La clave no está en comer perfecto, sino en dejar de vivir la comida como un examen. Cuando la comida baja del pedestal y vuelve a su sitio —en el plato, no en tu cabeza—, aparece la verdadera libertad.
¿Cómo se puede aprender a escuchar las señales reales del cuerpo (hambre, saciedad)?
Después de años de dietas, muchas mujeres me dicen: “No sé distinguir si lo que tengo es hambre o ansiedad”. Y es normal: cuando pasas la vida siguiendo menús impuestos o contando calorías, te desconectas de tus señales internas. La buena noticia es que se puede reaprender.
Una herramienta es la escala del hambre (0–10). El 0 es sin hambre y el 10 es hambre al límite —“me como un elefante”–. Lo ideal es empezar a comer en torno al 5–6:
- En el 5, tu estómago ya se siente vacío y ya necesitas comer, pero sigues siendo selectiva.
- En el 6, tu concentración empieza a bajar, pero todavía puedes tomar decisiones saludables.
- Si comes en el 3–4, probablemente tu cuerpo aún no lo necesita y tenderás a almacenar lo ingerido.
- Si esperas al 8, llegas con tanta urgencia que comes rápido, mucho y sin consciencia.
Otros recursos útiles:
- El test del pollo a la plancha: si lo comerías, es hambre fisiológica. Si solo piensas en dulces o comida rápida, probablemente es emocional.
- La pausa de un minuto: antes de lanzarte, pregúntate dónde lo sientes, si en el estómago (físico) o en el pecho y la cabeza (emocional). Este pequeño alto ya cambia la decisión.
- Comer con atención: plato, silla, cubiertos y sin móvil. Masticar despacio, notar texturas y sabores y parar cuando el placer empieza a bajar.

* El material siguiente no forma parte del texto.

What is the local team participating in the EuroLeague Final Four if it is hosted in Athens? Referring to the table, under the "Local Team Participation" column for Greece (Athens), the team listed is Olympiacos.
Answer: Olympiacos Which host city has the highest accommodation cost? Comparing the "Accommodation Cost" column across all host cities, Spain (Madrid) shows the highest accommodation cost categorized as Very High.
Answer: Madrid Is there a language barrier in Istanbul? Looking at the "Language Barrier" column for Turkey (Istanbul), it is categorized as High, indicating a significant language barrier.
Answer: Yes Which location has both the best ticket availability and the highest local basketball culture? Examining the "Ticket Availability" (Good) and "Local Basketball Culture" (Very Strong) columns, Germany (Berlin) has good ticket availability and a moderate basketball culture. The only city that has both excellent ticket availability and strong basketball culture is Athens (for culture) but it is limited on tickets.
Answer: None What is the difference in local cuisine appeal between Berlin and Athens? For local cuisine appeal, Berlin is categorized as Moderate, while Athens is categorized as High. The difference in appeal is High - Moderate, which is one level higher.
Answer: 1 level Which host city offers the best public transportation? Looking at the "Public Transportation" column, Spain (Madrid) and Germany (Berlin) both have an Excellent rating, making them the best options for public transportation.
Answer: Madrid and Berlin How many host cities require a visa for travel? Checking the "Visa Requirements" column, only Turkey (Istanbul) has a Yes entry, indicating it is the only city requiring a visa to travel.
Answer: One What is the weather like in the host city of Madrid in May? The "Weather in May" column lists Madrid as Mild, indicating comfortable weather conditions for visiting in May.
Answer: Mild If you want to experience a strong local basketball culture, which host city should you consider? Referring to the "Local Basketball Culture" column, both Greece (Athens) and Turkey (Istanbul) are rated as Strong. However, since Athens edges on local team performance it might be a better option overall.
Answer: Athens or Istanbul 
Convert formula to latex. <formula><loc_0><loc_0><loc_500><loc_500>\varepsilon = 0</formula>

- Bitácora corporal: anotar durante una semana qué comiste, cómo llegaste (desde el hambre física o desde la emoción) y cómo te sentiste después. Eso te ayuda a dibujar tu propio mapa de señales.
El cuerpo siempre habla; lo difícil no es que dé señales, es que lo hemos acostumbrado a vivir con el volumen bajado. Escuchar es subirle el volumen otra vez.

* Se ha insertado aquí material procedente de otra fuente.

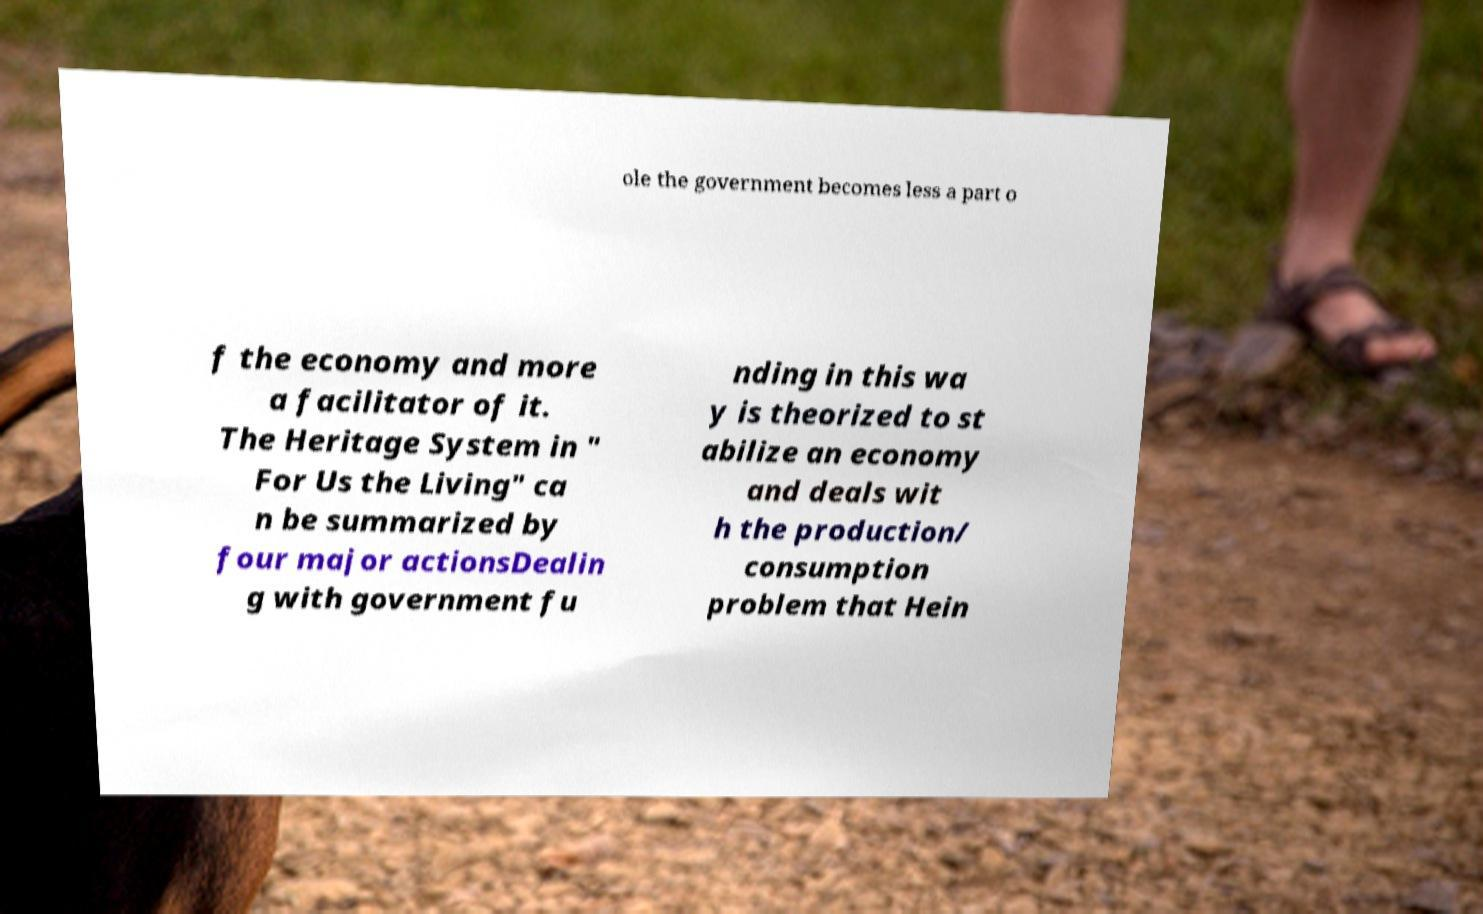Can you accurately transcribe the text from the provided image for me? ole the government becomes less a part o f the economy and more a facilitator of it. The Heritage System in " For Us the Living" ca n be summarized by four major actionsDealin g with government fu nding in this wa y is theorized to st abilize an economy and deals wit h the production/ consumption problem that Hein

"El disfrute también es equilibrio: comer verduras porque te sientan bien y pizza porque te apetece compartirla"
¿Qué papel juega el disfrute en una alimentación equilibrada?
El disfrute no es un extra, es parte de la salud. Comer sin placer es como dormir sin descansar: cumple la función biológica, pero te deja vacía. El disfrute activa el sistema de recompensa del cerebro, reduce la ansiedad y ayuda a que la relación con la comida sea sostenible a largo plazo.

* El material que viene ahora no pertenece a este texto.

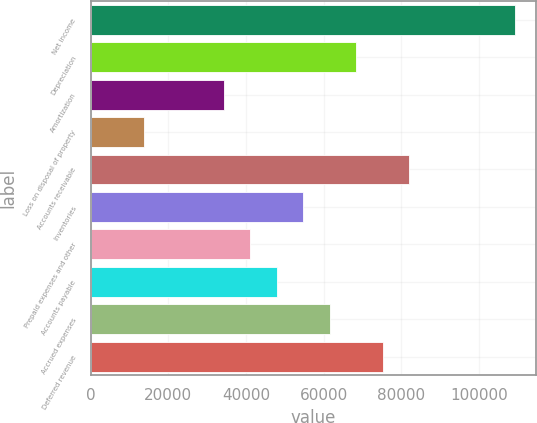<chart> <loc_0><loc_0><loc_500><loc_500><bar_chart><fcel>Net income<fcel>Depreciation<fcel>Amortization<fcel>Loss on disposal of property<fcel>Accounts receivable<fcel>Inventories<fcel>Prepaid expenses and other<fcel>Accounts payable<fcel>Accrued expenses<fcel>Deferred revenue<nl><fcel>109251<fcel>68335<fcel>34238<fcel>13779.8<fcel>81973.8<fcel>54696.2<fcel>41057.4<fcel>47876.8<fcel>61515.6<fcel>75154.4<nl></chart> 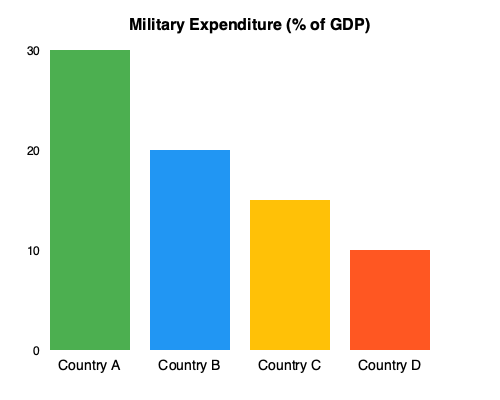Based on the bar chart showing military expenditure as a percentage of GDP for four conflict-affected countries, which country allocates the highest proportion of its GDP to military spending, and what implications might this have for its economic development and regional stability? To answer this question, we need to analyze the bar chart and consider the implications of high military spending in conflict-affected regions:

1. Interpret the chart:
   - The y-axis represents military expenditure as a percentage of GDP.
   - The x-axis shows four countries: A, B, C, and D.

2. Compare the bar heights:
   - Country A has the tallest bar, reaching about 30% of GDP.
   - Country B is second, at approximately 20% of GDP.
   - Country C is third, around 15% of GDP.
   - Country D has the shortest bar, at about 10% of GDP.

3. Identify the highest spender:
   - Country A allocates the highest proportion of its GDP to military spending.

4. Consider the implications:
   a) Economic development:
      - High military spending can divert resources from other crucial sectors like education, healthcare, and infrastructure.
      - This may hinder long-term economic growth and social development.

   b) Regional stability:
      - Excessive military spending might be perceived as aggressive by neighboring countries.
      - It could potentially escalate tensions and lead to an arms race in the region.
      - However, it might also serve as a deterrent against external threats.

   c) International relations:
      - High military expenditure might affect the country's relationships with international donors and investors.
      - It could impact foreign aid and economic cooperation agreements.

5. Contextual considerations:
   - The reasons behind high military spending (e.g., ongoing conflicts, geopolitical tensions) should be taken into account.
   - The absolute GDP value is not shown, so the actual monetary amount spent on military might vary among countries.

Given this analysis, an editor-in-chief covering political and economic developments in conflict zones would need to consider these factors when assigning stories and providing context for readers.
Answer: Country A; potential negative impact on economic development and regional stability due to resource allocation and perceived aggression. 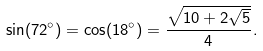Convert formula to latex. <formula><loc_0><loc_0><loc_500><loc_500>\sin ( 7 2 ^ { \circ } ) = \cos ( 1 8 ^ { \circ } ) = { \frac { \sqrt { 1 0 + 2 { \sqrt { 5 } } } } { 4 } } .</formula> 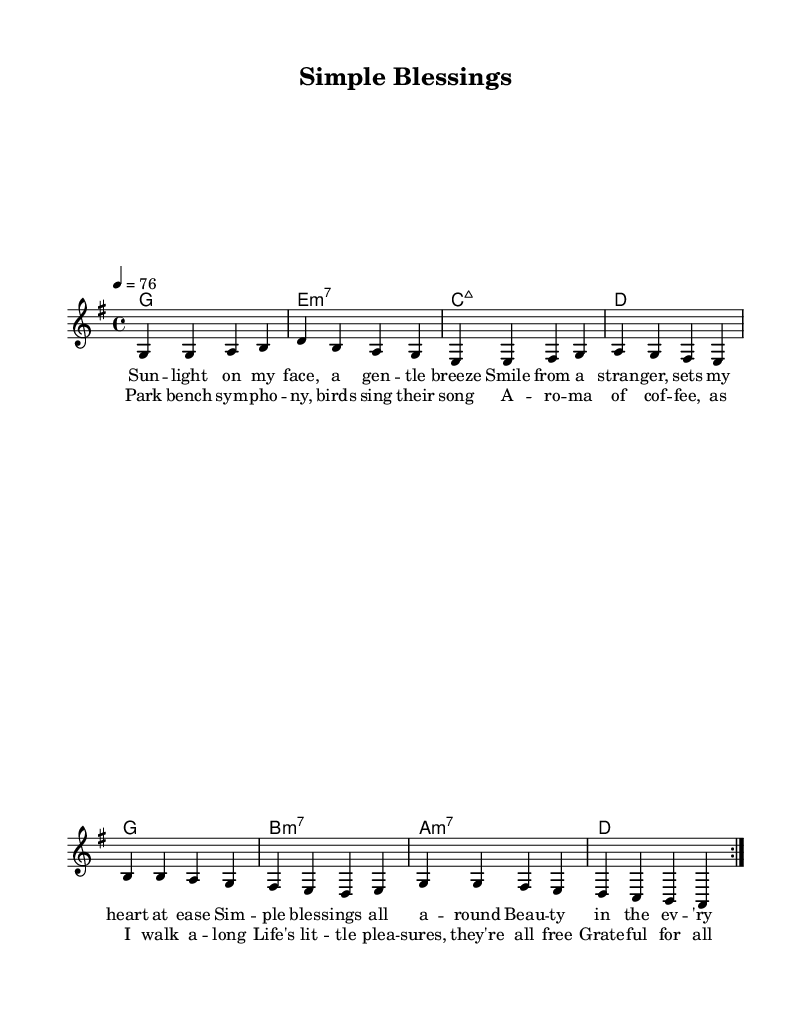What is the key signature of this music? The key signature is G major, which has one sharp (F#). This can be identified from the 'g' in the global settings indicating the key.
Answer: G major What is the time signature of this music? The time signature is 4/4, which means there are four beats in each measure. This is indicated in the global settings by '4/4' appearing after 'time'.
Answer: 4/4 What is the tempo of this music? The tempo is 76 beats per minute, which can be found in the global settings where 'tempo 4 = 76' is specified.
Answer: 76 How many verses are included in the lyrics? There are two verses included in the lyrics, as indicated by 'verseOne' and 'verseTwo' defined in the code. Each verse represents a section of the lyrics.
Answer: Two What is the primary theme of the lyrics? The primary theme of the lyrics is appreciating life's simple pleasures and finding beauty in everyday life. This can be derived from the content of both verses, which discuss moments of joy and gratitude in daily experiences.
Answer: Appreciation of simple pleasures Which chord is used in the first measure? The chord used in the first measure is G major, indicated in the harmonies section where 'g1' appears as the first chord.
Answer: G major What type of musical form does the piece follow based on the verses? The piece follows a verse-chorus structure, identifiable by the repetition of 'verseOne' and 'verseTwo', suggesting a basic arrangement where verses are traded or repeated, characteristic of soul music.
Answer: Verse-chorus structure 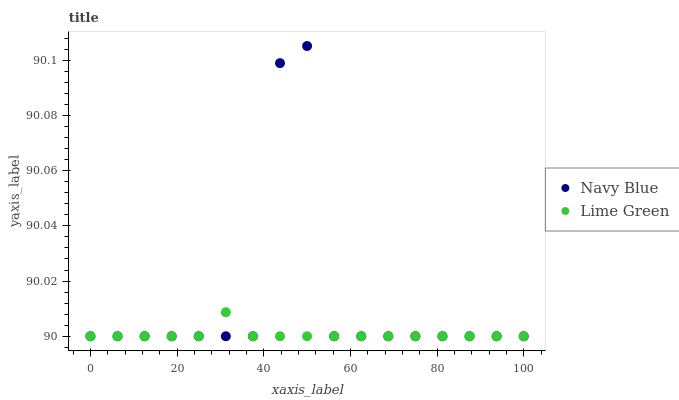Does Lime Green have the minimum area under the curve?
Answer yes or no. Yes. Does Navy Blue have the maximum area under the curve?
Answer yes or no. Yes. Does Lime Green have the maximum area under the curve?
Answer yes or no. No. Is Lime Green the smoothest?
Answer yes or no. Yes. Is Navy Blue the roughest?
Answer yes or no. Yes. Is Lime Green the roughest?
Answer yes or no. No. Does Navy Blue have the lowest value?
Answer yes or no. Yes. Does Navy Blue have the highest value?
Answer yes or no. Yes. Does Lime Green have the highest value?
Answer yes or no. No. Does Lime Green intersect Navy Blue?
Answer yes or no. Yes. Is Lime Green less than Navy Blue?
Answer yes or no. No. Is Lime Green greater than Navy Blue?
Answer yes or no. No.

El problema es que nos han vendido que el placer es peligroso: que si disfrutas, “te vas a descontrolar”. Y es justo al revés: cuando eliminas el disfrute, lo que generas es más ansiedad y, tarde o temprano, el atracón.
Si te comes un helado tranquila, lo disfrutas y sigues con tu día. Pero si lo conviertes en pecado, pasas tres días negociando mentalmente: primero lo evitas, luego lo devoras y después te castigas. No es el helado lo que daña, es la culpa que le cuelgas encima.
El disfrute también es equilibrio: comer verduras porque te sientan bien y pizza porque te apetece compartirla. No se trata de que cada bocado sea un festival, pero sí de que en tu alimentación exista espacio para el placer. Porque sin disfrute, comer se convierte en una lista de deberes… y nadie sostiene una vida de deberes eternos.